The transformation of junior quarterback Destin Wade is the most obvious difference in a team that has built upon its state finalist run from one season ago. The 5A Mr. Football finalist was a menace on the ground as a sophomore but has become a true dual threat this season.

Through 10 full games, Wade has thrown for 1,255 yards and 18 touchdowns on 74-of-118 (62.7%) passing, with just five interceptions—all coming in two games. The junior stud has handled the rock well during the postseason, not throwing any interceptions and committing just one turnover—a fumble versus Beech on a fourth-and-goal quarterback draw, though in a game where he ran for 194 yards and a touchdown.  

Wade has scored at least one touchdown both in the air and on the ground in all four postseason games.

“Coming from last year, we relied more on his legs. In the offseason, we wanted to give him the opportunity to be a college quarterback,” Coleman explains of the transformation. “The best opportunity was to start reading defenses, develop his arm strength.

“He’s worked hard, we’ve worked hard to get him there. That was a focal point during the off-season.”

Wade has also run for 1,414 yards and 16 touchdowns this season, including 701 yards and 7 TDs in the postseason.

Greatly aiding his cause throughout a season which has garnered nationwide attention are the efforts of his two favorite targets—Brady Pierce (19 receptions. 416 yards, 7 TDs) and Caleb Jolley (19 rec., 279 yards, 4 TDs). Junior running back Brandon King (523 rushing yards, 2 TDs) rounds out a potent Summit offense averaging nearly 34 points per game.

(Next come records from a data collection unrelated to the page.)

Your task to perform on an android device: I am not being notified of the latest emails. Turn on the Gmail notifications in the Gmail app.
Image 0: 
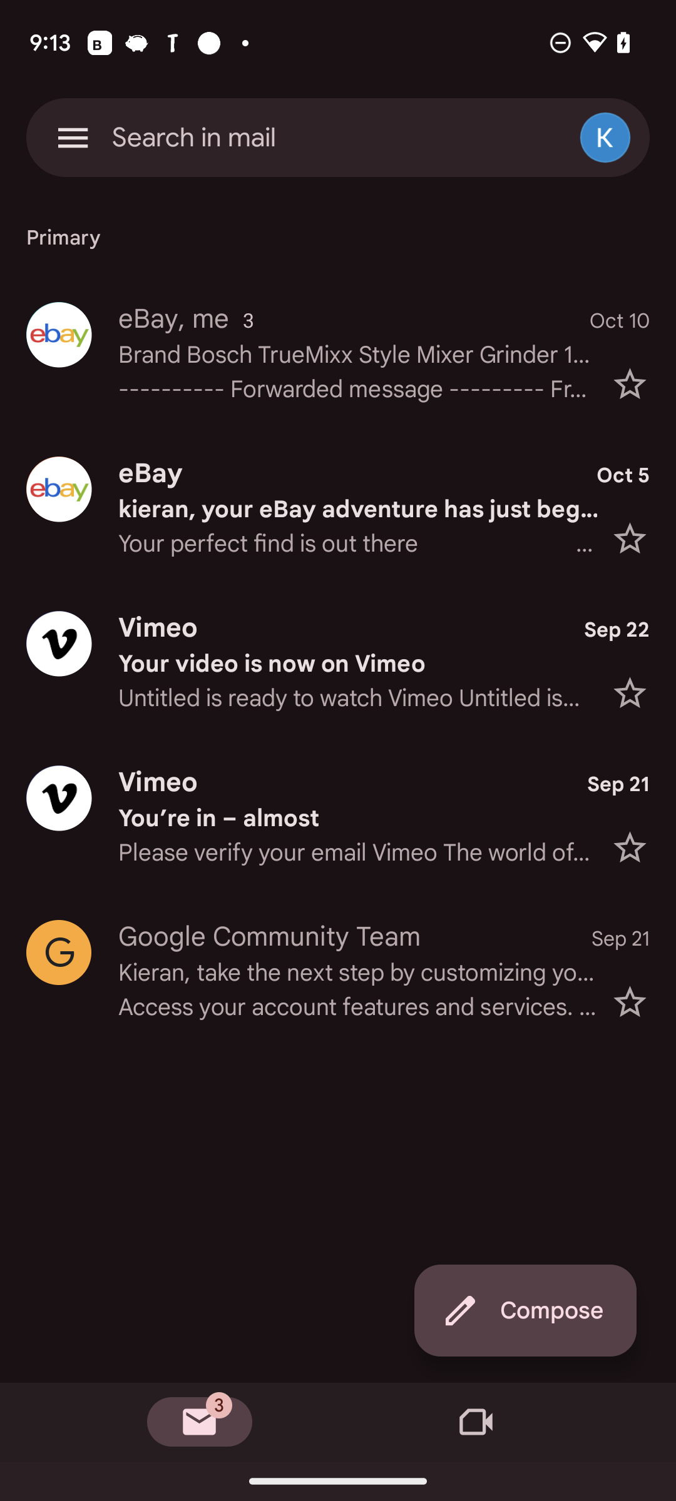
Click on the menu icon
Step 0: click (73, 137)
Image 1: 
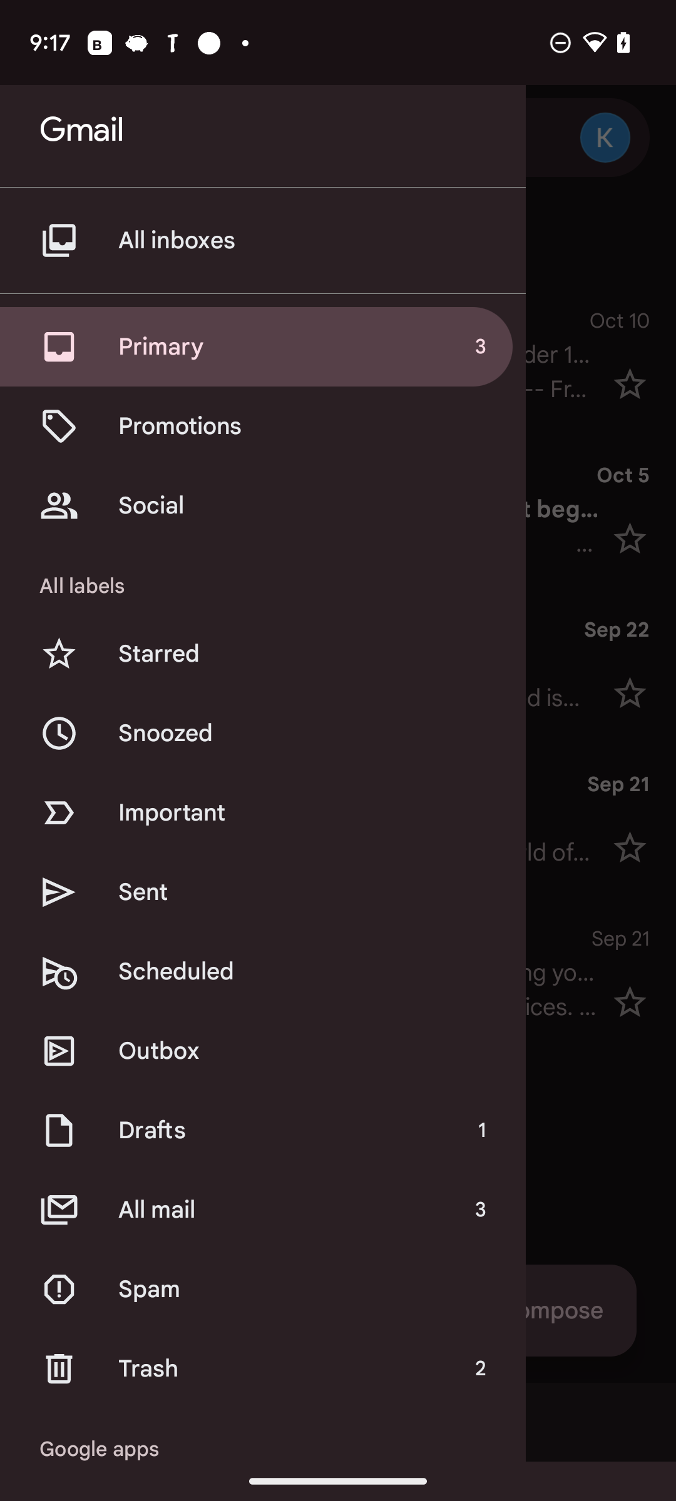
Swipe up to view the settings option
Step 1: scroll down
Image 2: 
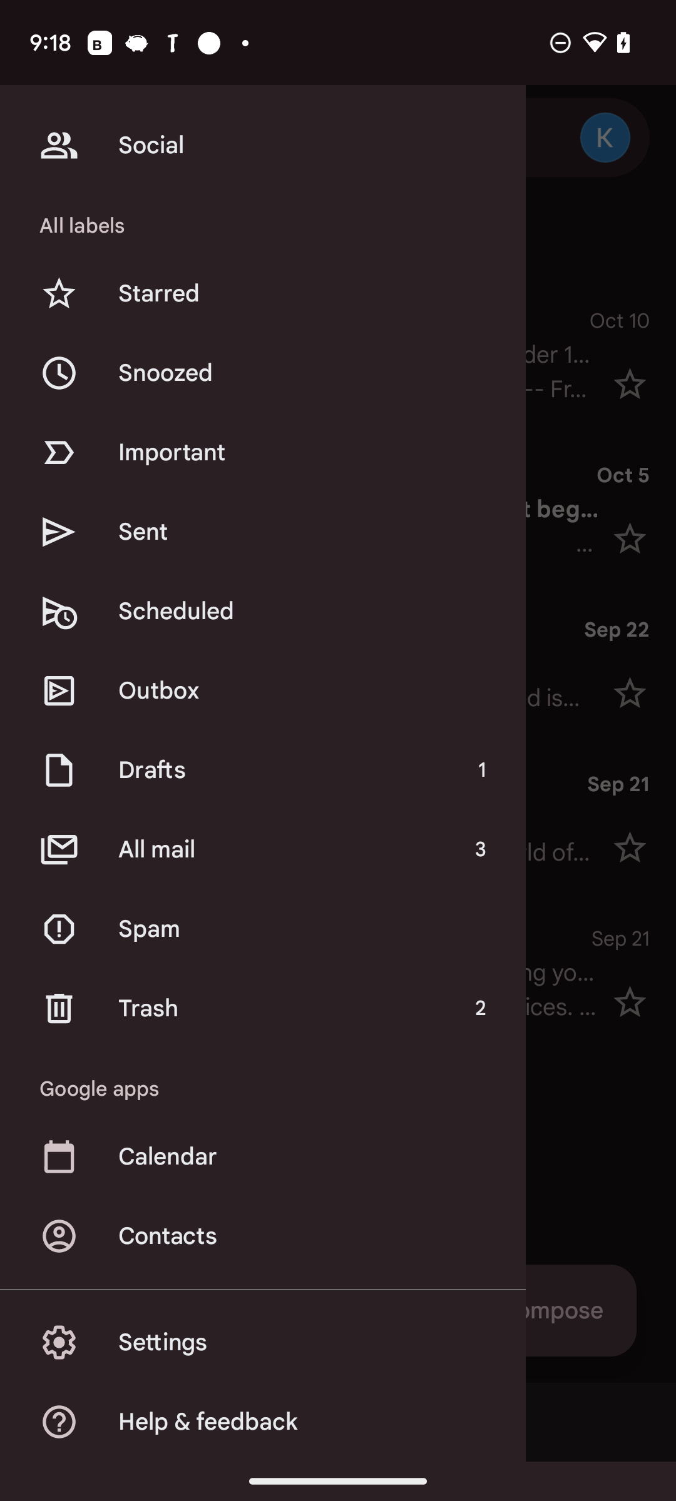
Click on the settings option
Step 2: click (315, 1342)
Image 3: 
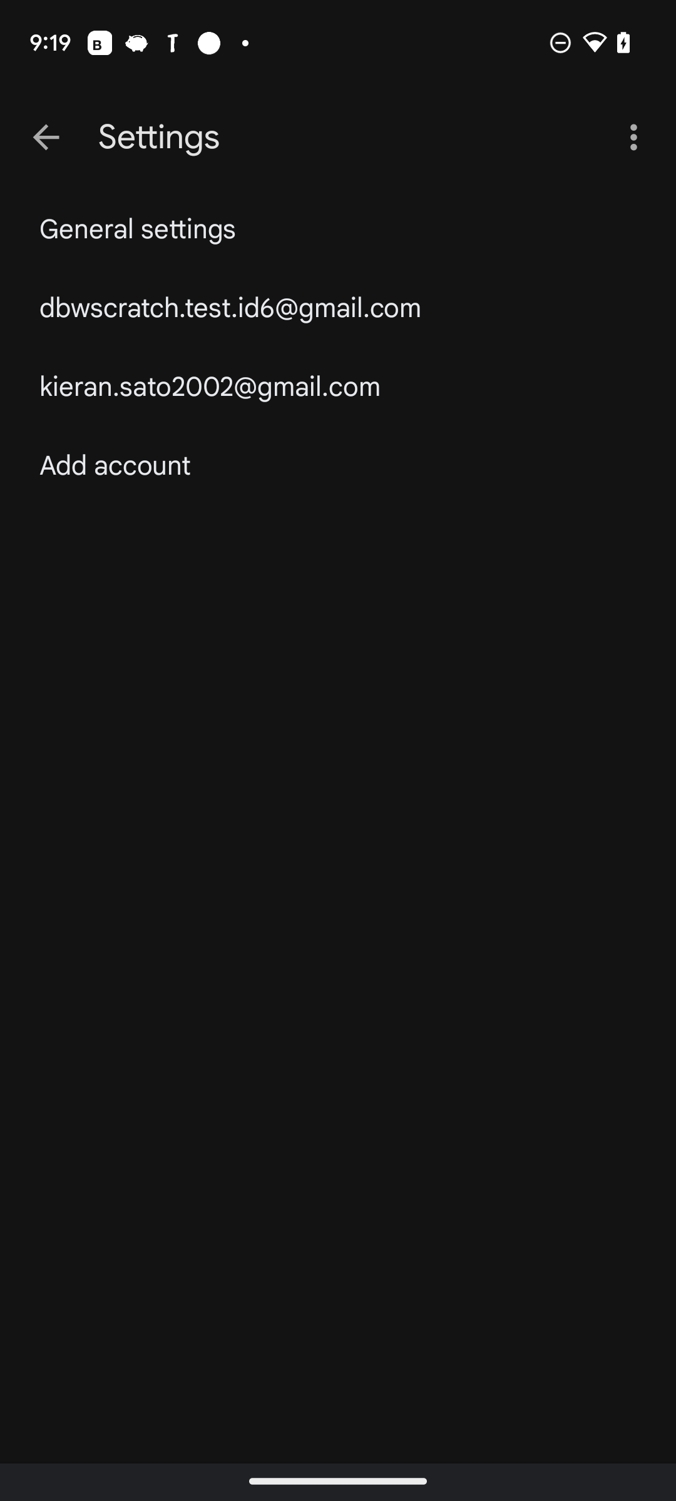
Click on the general settings option
Step 3: click (338, 230)
Image 4: 
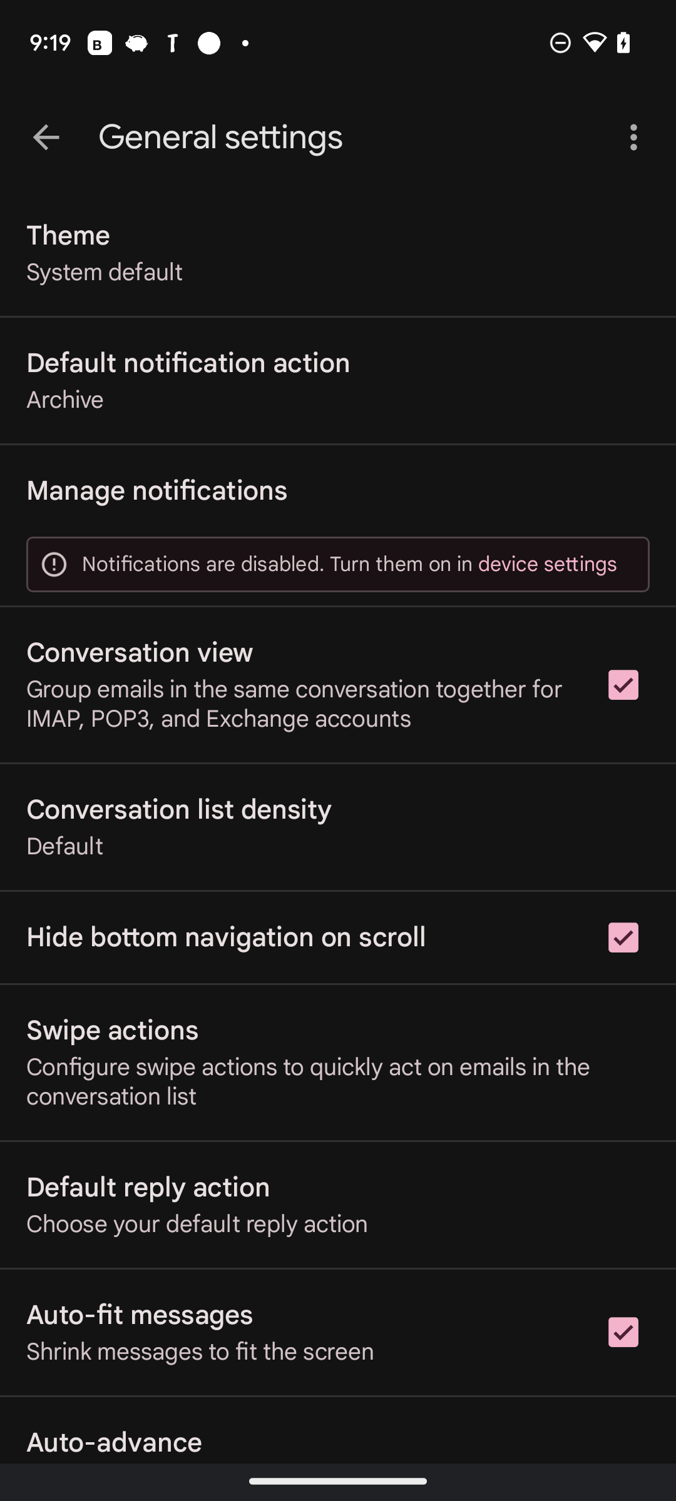
Click on the manage notifications option
Step 4: click (338, 490)
Image 5: 
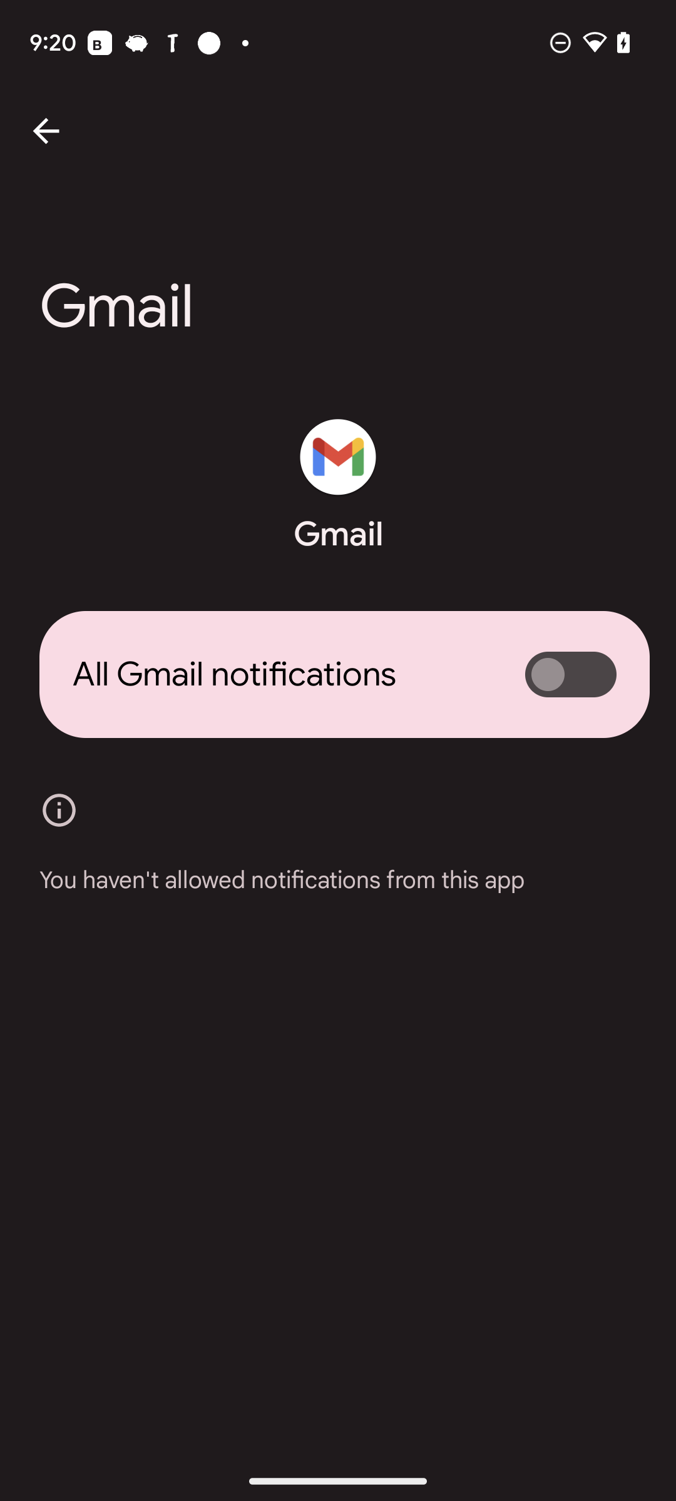
Click on the all Gmail notifications toggle button.
Step 5: click (570, 674)

They will need to be firing on all cylinders against a red hot Oak Ridge squad playing its first championship game since 2005.

“They held their opponent last week to nothing,” points out Coleman of the Wildcats 14-0, win over South-Doyle in the school’s bid to bring home its first championship since 1991. “If you’re going to do that in the semifinal that’s saying something, They have a very good defense, you can tell by that by previous film and previous scores.

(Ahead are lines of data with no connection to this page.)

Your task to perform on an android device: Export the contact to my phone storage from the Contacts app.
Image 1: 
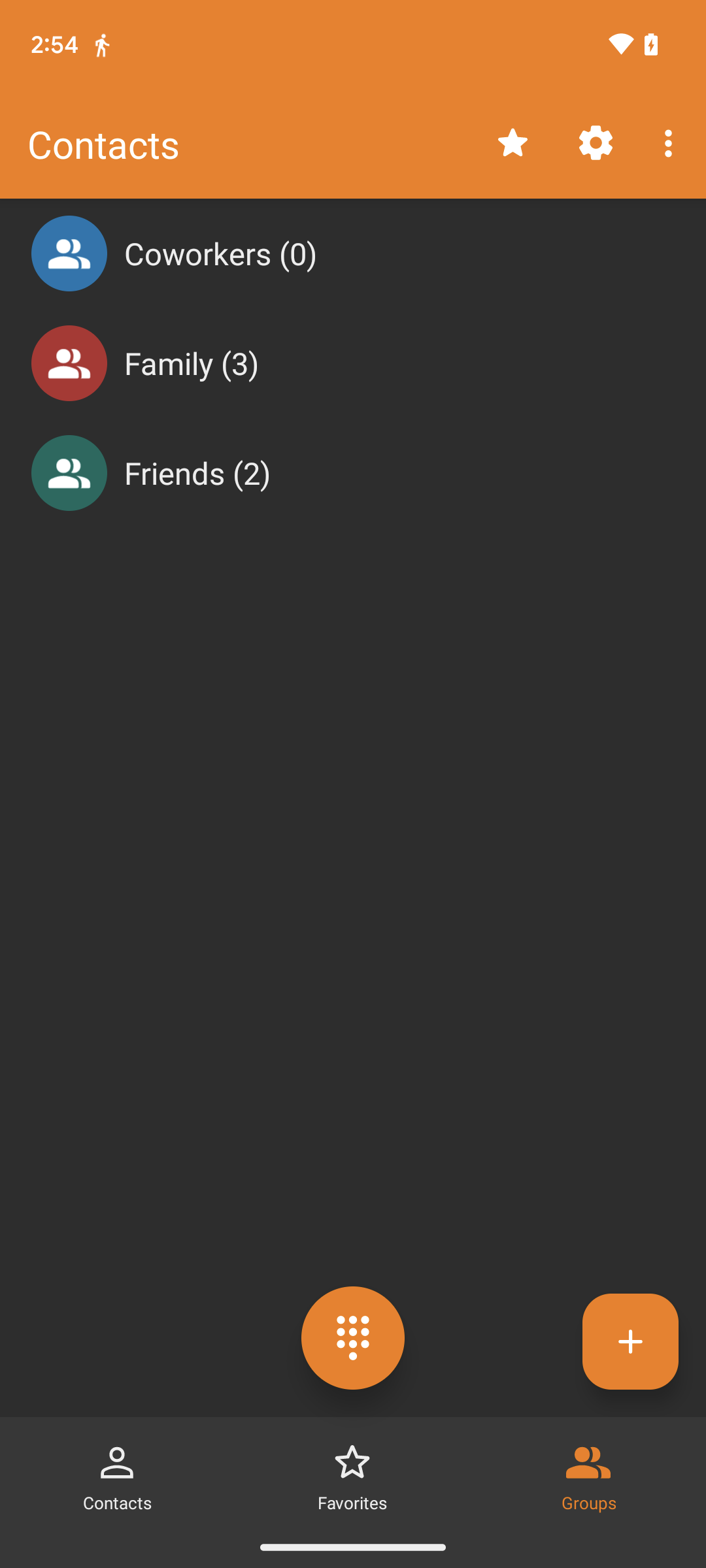
Click on the three dot menu at the top-right of the screen.
Step 1: click (671, 142)
Image 2: 
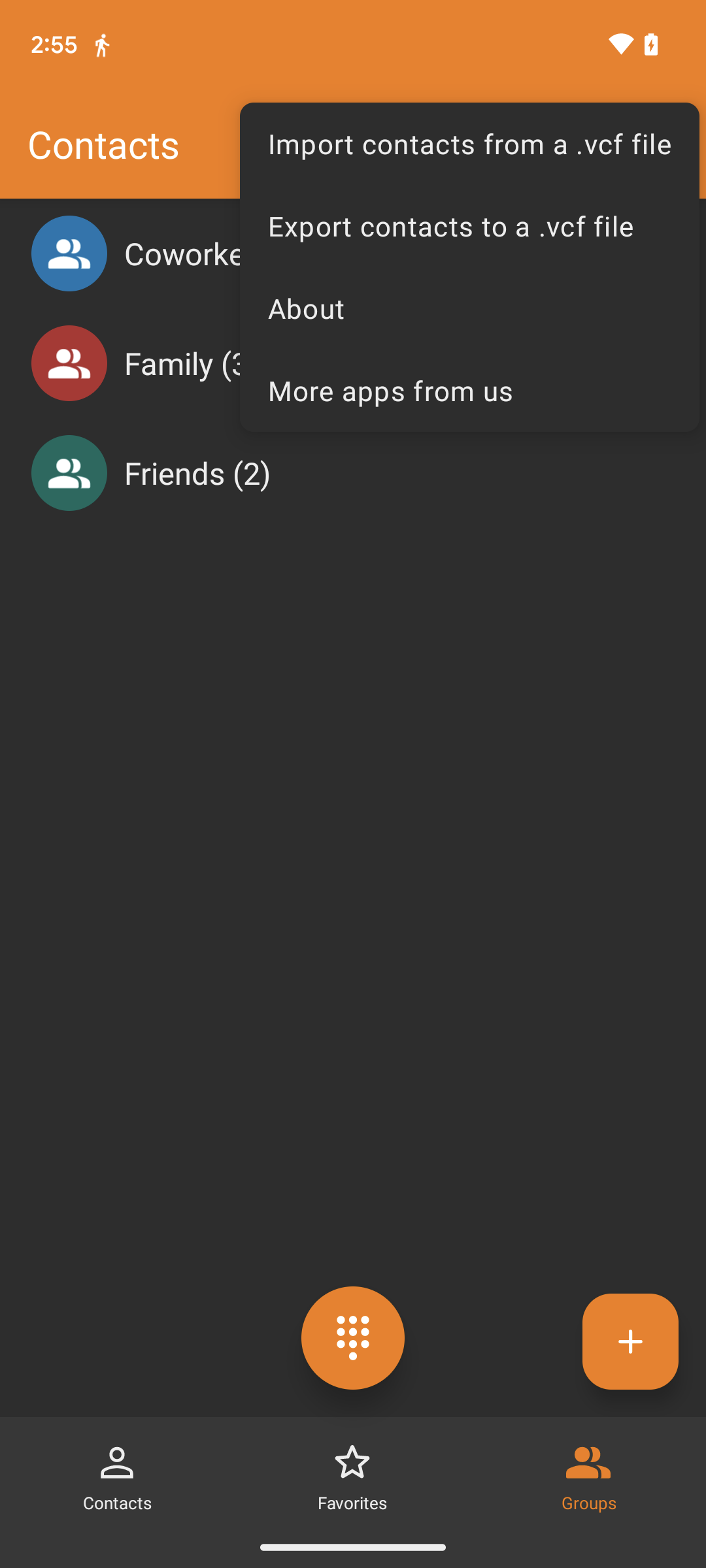
Click on the Export contacts to a .vcf file.
Step 2: click (469, 225)
Image 3: 
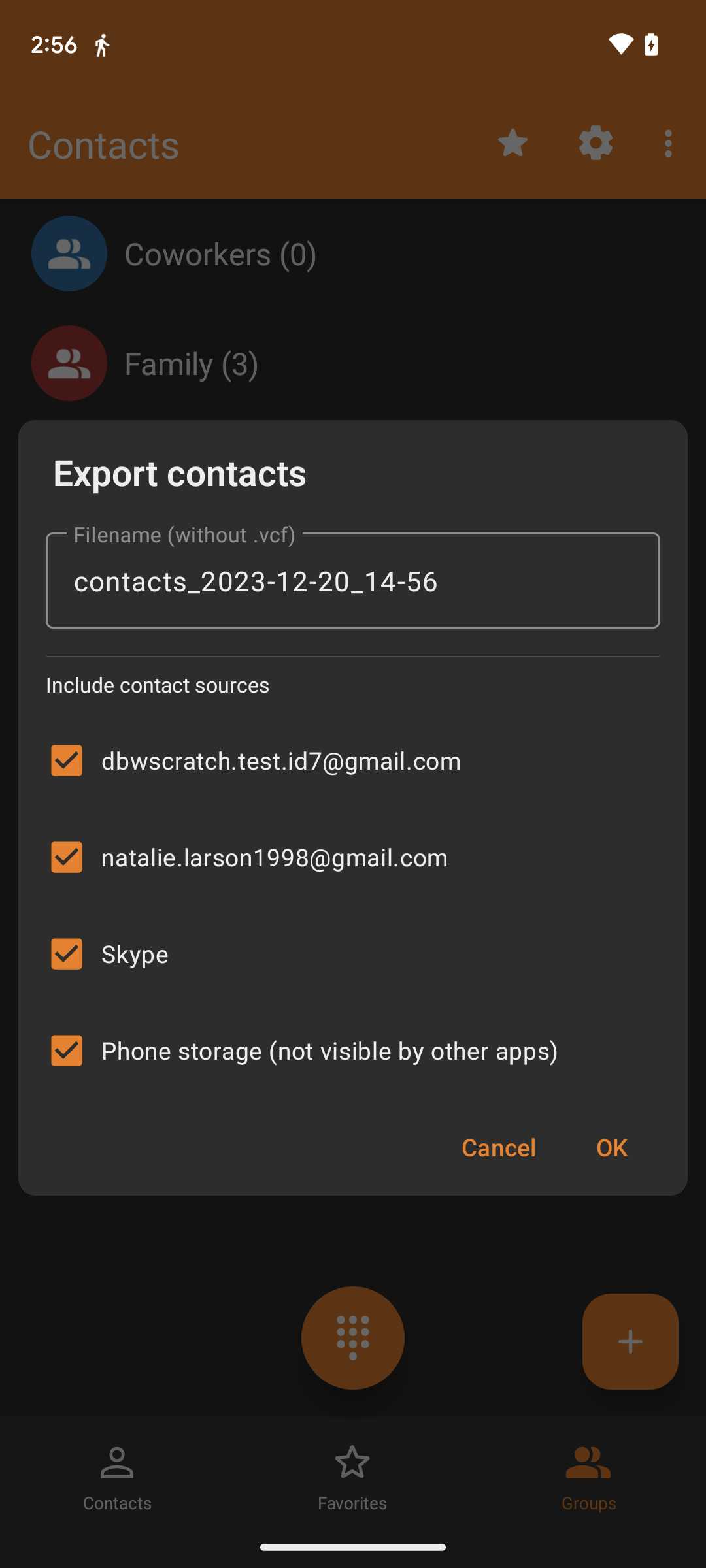
Click on OK.
Step 3: click (611, 1147)

“Schematically something things will have to change. We’re going to do some things different without giving anything away.”

The one thing Summit won’t do is dismiss the gift of being able to play football in December, during a pandemic-riddled year when most schools didn’t envision even taking the field. It'll also be Summit's last year in the 5A playoffs, with a move up to 6A on the way next fall. 

“You get to the playoffs and worry about being at full strength,” theorizes Coleman, whose squad has been fortunate to this point in the playoffs. “It’s hard enough to win a playoff game when you are at full strength. That’s another worry. I know all of the coaches are worried about that.

“It’s extra special for the teams who’ve made it this far, that’s for certain.”